Google Released Two New Natural Language Dialog Datasets

Google AI announced that it is releasing two new natural language dialog datasets: Coached Conversational Preference Elicitation (CCPE) and Taskmaster-1.

According to Google researchers, the idea behind the development of these datasets was the lack of quality training data for digital assistants. In fact, they argue that today’s digital assistants have not reached a human-level understanding and that is mostly due to the lack of understanding of how humans express themselves.

To overcome this problem, researchers leveraged a platform based on the Wizard-of-Oz experiment idea and that pairs people to engage in spoken conversations, thinking that they are interacting with a computer (or assistant in this case).

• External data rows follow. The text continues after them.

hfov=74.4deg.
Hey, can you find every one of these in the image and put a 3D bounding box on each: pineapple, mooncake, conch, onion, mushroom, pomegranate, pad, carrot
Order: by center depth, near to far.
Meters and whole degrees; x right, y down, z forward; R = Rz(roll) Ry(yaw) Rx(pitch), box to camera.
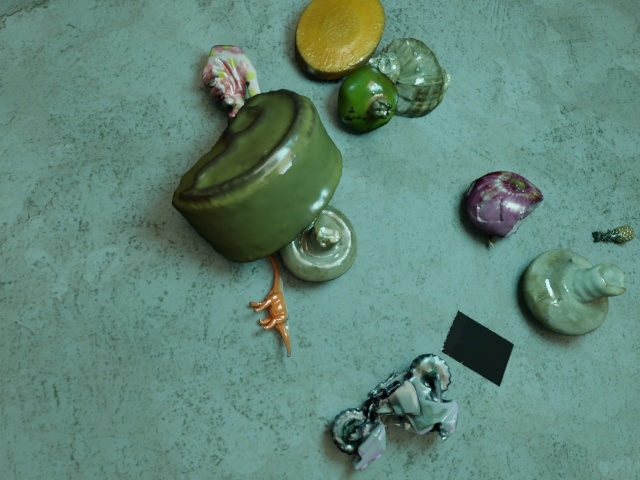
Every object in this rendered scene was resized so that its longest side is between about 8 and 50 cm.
[{"bbox_3d":[-0.150,-0.170,1.023,0.393,0.246,0.394,-27,40,15],"label":"mooncake"},{"bbox_3d":[0.000,0.000,1.040,0.204,0.204,0.204,3,74,-11],"label":"mushroom"},{"bbox_3d":[0.689,0.130,1.139,0.243,0.243,0.244,3,74,-11],"label":"mushroom"},{"bbox_3d":[0.431,0.293,1.152,0.190,0.004,0.127,31,70,-1],"label":"pad"},{"bbox_3d":[0.139,-0.388,1.178,0.180,0.210,0.180,-6,120,-11],"label":"pomegranate"},{"bbox_3d":[0.512,-0.113,1.202,0.207,0.200,0.200,-38,85,-7],"label":"onion"},{"bbox_3d":[0.052,-0.612,1.264,0.258,0.100,0.307,29,78,12],"label":"carrot"},{"bbox_3d":[0.285,-0.501,1.267,0.291,0.159,0.210,-2,74,-14],"label":"conch"},{"bbox_3d":[0.914,-0.014,1.328,0.124,0.058,0.058,-7,75,0],"label":"pineapple"}]

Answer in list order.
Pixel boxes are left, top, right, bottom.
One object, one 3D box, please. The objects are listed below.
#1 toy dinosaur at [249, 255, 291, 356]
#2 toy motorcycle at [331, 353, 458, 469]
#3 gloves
[{"bbox_3d":[-0.123,0.153,1.048,0.101,0.055,0.280,-15,76,-26],"label":"toy dinosaur"},{"bbox_3d":[0.194,0.420,0.993,0.327,0.143,0.188,-32,83,-11],"label":"toy motorcycle"},{"bbox_3d":[-0.247,-0.422,1.153,0.145,0.126,0.241,10,67,-35],"label":"gloves"}]
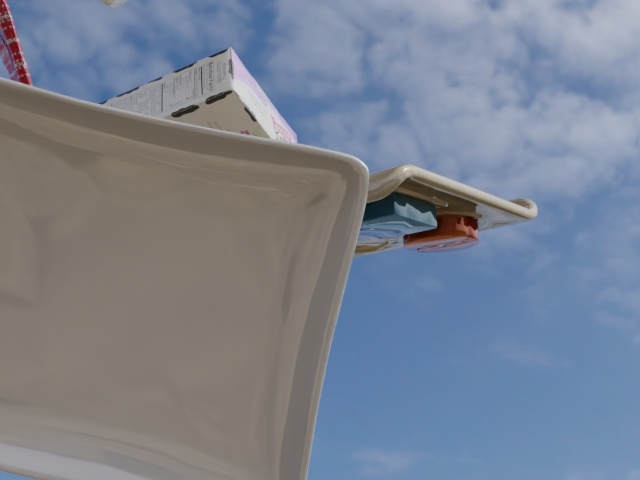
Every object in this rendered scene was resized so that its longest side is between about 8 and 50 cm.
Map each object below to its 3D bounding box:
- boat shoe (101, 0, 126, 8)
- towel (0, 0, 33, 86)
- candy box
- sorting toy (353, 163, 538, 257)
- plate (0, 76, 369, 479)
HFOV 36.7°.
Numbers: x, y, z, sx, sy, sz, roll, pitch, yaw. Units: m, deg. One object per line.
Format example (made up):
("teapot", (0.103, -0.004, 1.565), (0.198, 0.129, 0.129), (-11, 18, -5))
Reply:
("boat shoe", (-0.219, -0.343, 1.081), (0.097, 0.324, 0.117), (-44, -71, 12))
("towel", (-0.378, -0.160, 1.256), (0.031, 0.274, 0.199), (-17, 3, -16))
("candy box", (-0.145, -0.109, 1.095), (0.196, 0.070, 0.165), (-20, -39, 16))
("sorting toy", (0.000, 0.000, 0.817), (0.307, 0.041, 0.229), (-13, -12, 37))
("plate", (-0.126, 0.043, 0.620), (0.278, 0.045, 0.277), (12, -67, 3))
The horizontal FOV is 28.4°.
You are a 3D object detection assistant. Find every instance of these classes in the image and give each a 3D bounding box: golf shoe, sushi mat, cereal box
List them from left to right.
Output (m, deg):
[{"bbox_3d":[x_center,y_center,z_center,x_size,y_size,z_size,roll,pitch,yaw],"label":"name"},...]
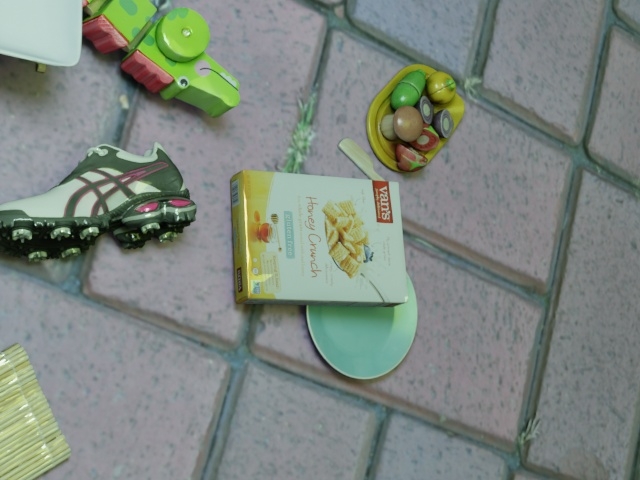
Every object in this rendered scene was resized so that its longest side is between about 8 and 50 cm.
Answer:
[{"bbox_3d":[-0.436,0.252,1.399,0.316,0.019,0.151,-30,102,-33],"label":"sushi mat"},{"bbox_3d":[-0.282,-0.047,1.505,0.273,0.105,0.120,-8,73,-40],"label":"golf shoe"},{"bbox_3d":[0.000,0.000,1.683,0.240,0.047,0.173,2,76,-27],"label":"cereal box"}]

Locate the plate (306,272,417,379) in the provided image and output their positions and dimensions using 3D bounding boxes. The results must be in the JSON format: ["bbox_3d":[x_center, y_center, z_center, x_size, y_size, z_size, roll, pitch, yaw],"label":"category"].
[{"bbox_3d":[0.054,0.097,1.746,0.188,0.024,0.188,5,81,-33],"label":"plate"}]

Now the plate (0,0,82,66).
[{"bbox_3d":[-0.396,-0.333,1.386,0.277,0.045,0.278,8,71,-28],"label":"plate"}]

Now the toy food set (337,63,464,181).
[{"bbox_3d":[0.139,-0.167,1.805,0.128,0.071,0.218,50,61,-19],"label":"toy food set"}]

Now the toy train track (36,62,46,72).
[{"bbox_3d":[-0.334,-0.245,1.528,0.048,0.014,0.083,6,81,-33],"label":"toy train track"}]

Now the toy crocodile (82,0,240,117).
[{"bbox_3d":[-0.239,-0.264,1.536,0.340,0.115,0.105,42,65,-21],"label":"toy crocodile"}]
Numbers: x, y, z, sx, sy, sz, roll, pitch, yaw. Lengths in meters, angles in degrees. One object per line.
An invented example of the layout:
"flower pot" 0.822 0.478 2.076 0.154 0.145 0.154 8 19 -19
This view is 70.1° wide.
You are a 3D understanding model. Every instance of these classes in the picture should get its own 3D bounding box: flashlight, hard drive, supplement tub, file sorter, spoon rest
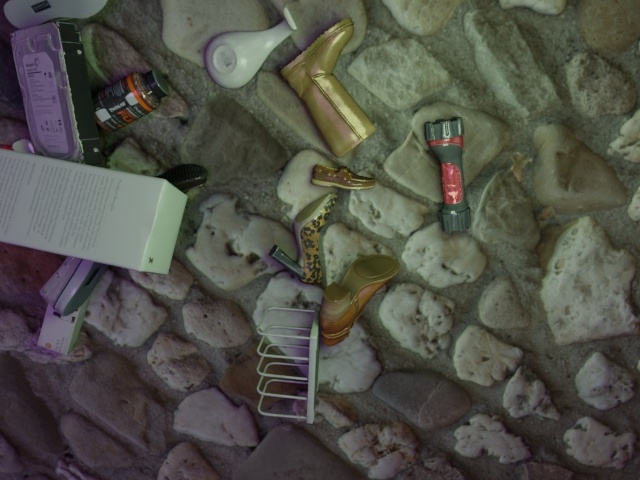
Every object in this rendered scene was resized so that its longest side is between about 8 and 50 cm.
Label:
"flashlight" 0.344 -0.171 1.224 0.103 0.103 0.303 -9 105 4
"hard drive" -0.682 -0.365 1.176 0.237 0.064 0.338 9 109 31
"supplement tub" -0.500 -0.372 1.199 0.198 0.106 0.106 -25 104 10
"file sorter" -0.092 0.359 1.355 0.173 0.193 0.277 3 106 4
"spoon rest" -0.177 -0.495 1.174 0.276 0.084 0.137 -21 104 22

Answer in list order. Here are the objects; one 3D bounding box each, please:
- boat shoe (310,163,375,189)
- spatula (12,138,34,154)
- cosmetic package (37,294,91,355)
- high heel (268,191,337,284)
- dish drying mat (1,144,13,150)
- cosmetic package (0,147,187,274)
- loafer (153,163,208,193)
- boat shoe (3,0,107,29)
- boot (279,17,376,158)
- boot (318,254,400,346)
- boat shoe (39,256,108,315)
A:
"boat shoe" 0.064 -0.175 1.255 0.178 0.064 0.060 6 109 3
"spatula" -0.832 -0.147 1.289 0.168 0.019 0.242 -36 105 -24
"cosmetic package" -0.791 0.232 1.413 0.099 0.060 0.239 22 106 -3
"high heel" 0.000 0.000 1.315 0.186 0.093 0.261 39 96 -27
"dish drying mat" -0.896 -0.231 1.308 0.032 0.008 0.083 11 106 -2
"cosmetic package" -0.602 -0.069 1.158 0.454 0.161 0.230 12 82 6
"loafer" -0.414 -0.150 1.286 0.220 0.080 0.078 -15 138 6
"boat shoe" -0.653 -0.600 1.148 0.268 0.088 0.096 -14 129 12
"boot" 0.058 -0.389 1.185 0.236 0.089 0.269 -33 102 24
"boot" 0.111 0.178 1.327 0.109 0.283 0.220 34 142 30
"boat shoe" -0.682 0.027 1.309 0.156 0.136 0.367 36 97 3
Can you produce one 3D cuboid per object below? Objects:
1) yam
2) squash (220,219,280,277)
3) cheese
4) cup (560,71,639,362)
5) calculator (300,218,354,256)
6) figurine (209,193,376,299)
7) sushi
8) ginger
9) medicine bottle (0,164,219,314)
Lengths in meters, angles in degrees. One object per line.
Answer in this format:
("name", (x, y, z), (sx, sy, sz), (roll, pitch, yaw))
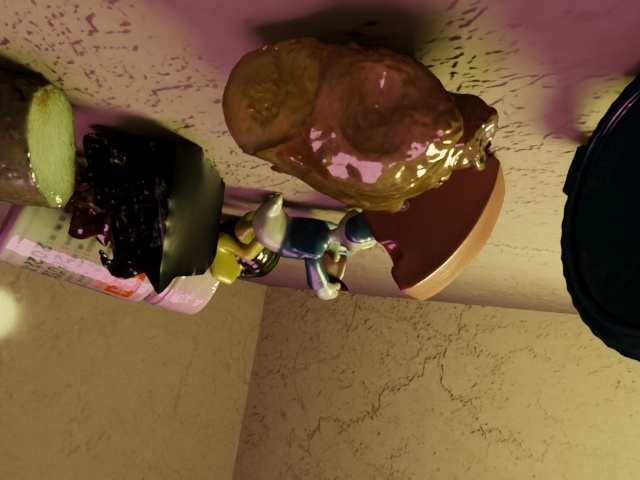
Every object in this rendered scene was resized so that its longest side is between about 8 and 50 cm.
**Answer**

The first dataset, CCPE or Coached Conversational Preference Elicitation, contains dialogue data on people’s movie preferences. It consists of a total of 502 dialogs with 12000 annotated utterances between a user (person) and an assistant. The dataset is collected in such a way that the assistant poses questions which are specifically designed to minimize the bias in the terminology of the user. This means, the descriptions obtained from the user need to be rich and express their preferences in a concise manner.

The second dataset – Taskmaster-1, contains conversational data in a spoken and written form based on six defined tasks: ordering pizza, creating auto repair appointments, setting up riders for hire, ordering movie tickets, ordering coffee drinks and making reservations in restaurants.

Researchers also employed a simple labeling technique, to annotate the dialogue data and obtain some amount of ground truth data. The dataset contains 13 215 dialogs with 7708 self-dialog written and 5507 two-person spoken samples.

The two datasets are open-sourced and are available under the Creative Commons license. The Taskmaster-1 dataset can be downloaded from here, while CCPE is available here.